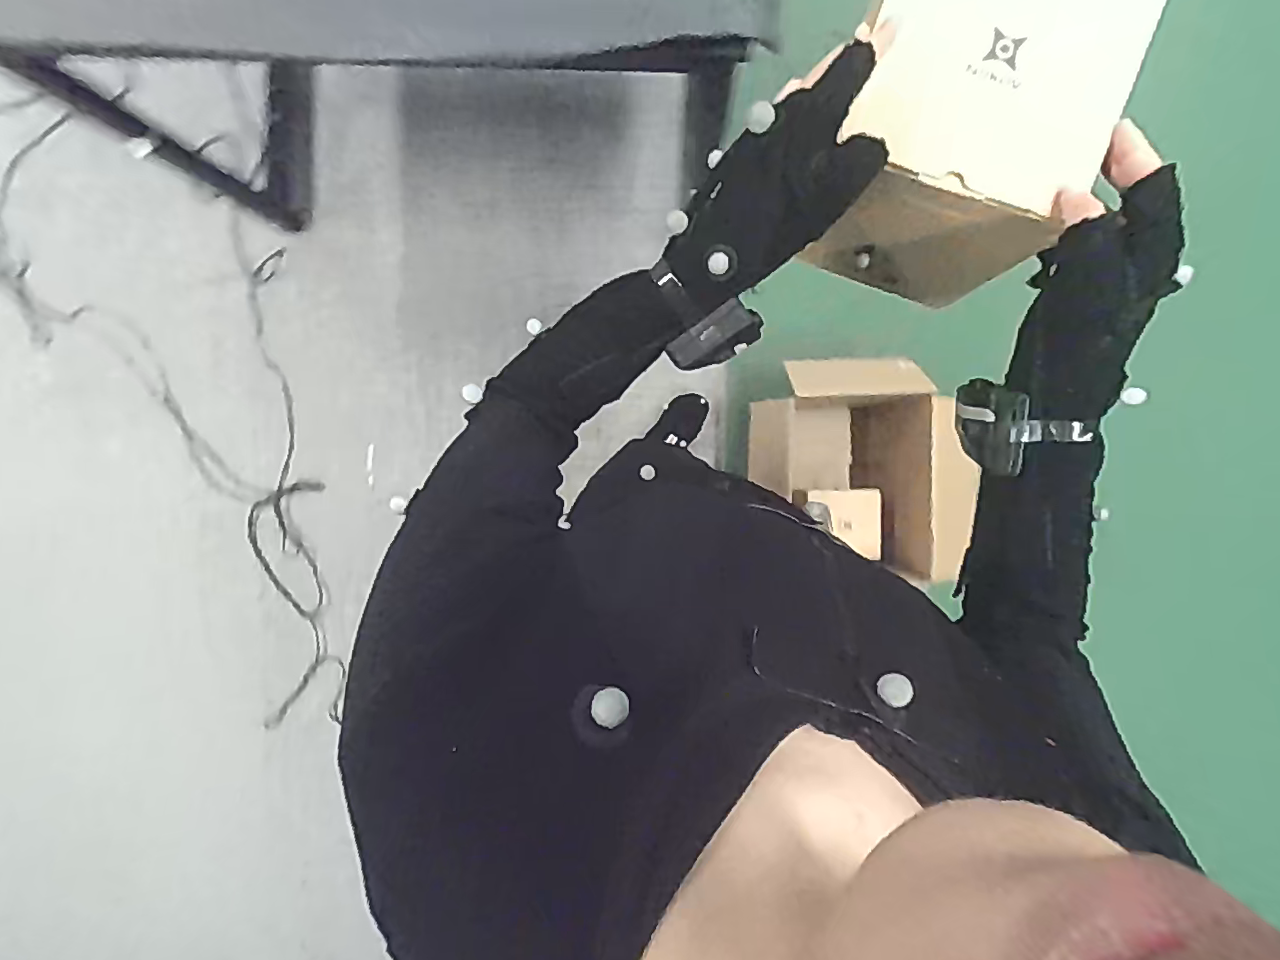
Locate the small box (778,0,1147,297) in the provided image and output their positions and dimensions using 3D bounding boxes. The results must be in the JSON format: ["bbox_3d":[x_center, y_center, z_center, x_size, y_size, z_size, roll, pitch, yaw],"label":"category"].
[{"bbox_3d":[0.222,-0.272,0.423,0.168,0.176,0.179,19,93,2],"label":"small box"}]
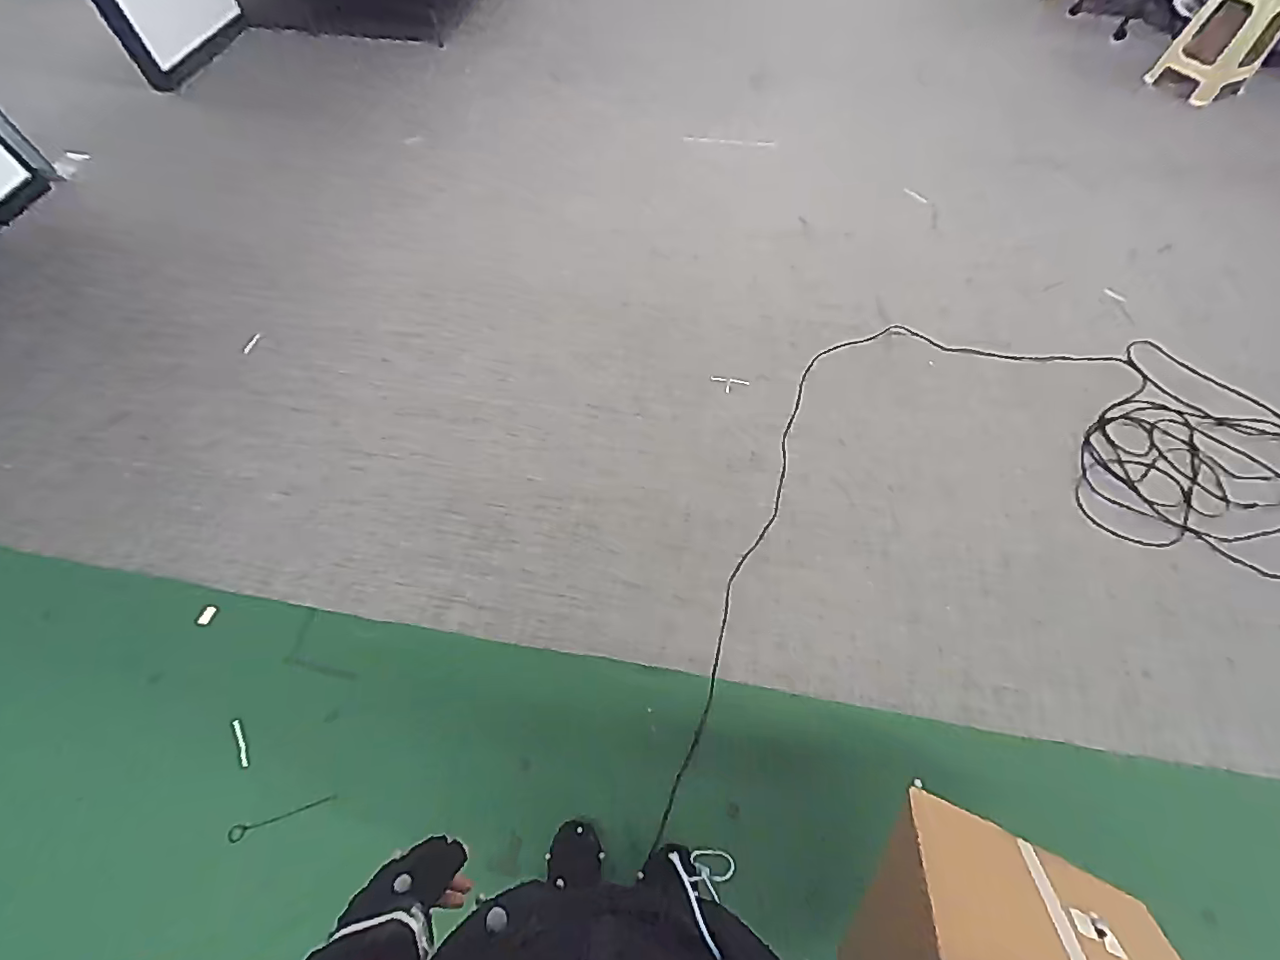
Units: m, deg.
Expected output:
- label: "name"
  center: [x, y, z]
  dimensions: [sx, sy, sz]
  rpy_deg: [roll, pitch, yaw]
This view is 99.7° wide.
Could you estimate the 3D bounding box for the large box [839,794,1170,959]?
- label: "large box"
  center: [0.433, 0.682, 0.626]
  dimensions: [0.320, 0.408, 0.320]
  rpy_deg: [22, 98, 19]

######

# Directions for this task:
Return all records above verbatim without their pictures.

# Response to this exercise:
Locate the small box (778,0,1147,297) in the provided image and output their positions and dimensions using 3D bounding boxes. The results must be in the JSON format: ["bbox_3d":[x_center, y_center, z_center, x_size, y_size, z_size, roll, pitch, yaw],"label":"category"].
[{"bbox_3d":[0.222,-0.272,0.423,0.168,0.176,0.179,19,93,2],"label":"small box"}]
Units: m, deg.
Expected output:
- label: "name"
  center: [x, y, z]
  dimensions: [sx, sy, sz]
  rpy_deg: [roll, pitch, yaw]
This view is 99.7° wide.
Could you estimate the 3D bounding box for the large box [839,794,1170,959]?
- label: "large box"
  center: [0.433, 0.682, 0.626]
  dimensions: [0.320, 0.408, 0.320]
  rpy_deg: [22, 98, 19]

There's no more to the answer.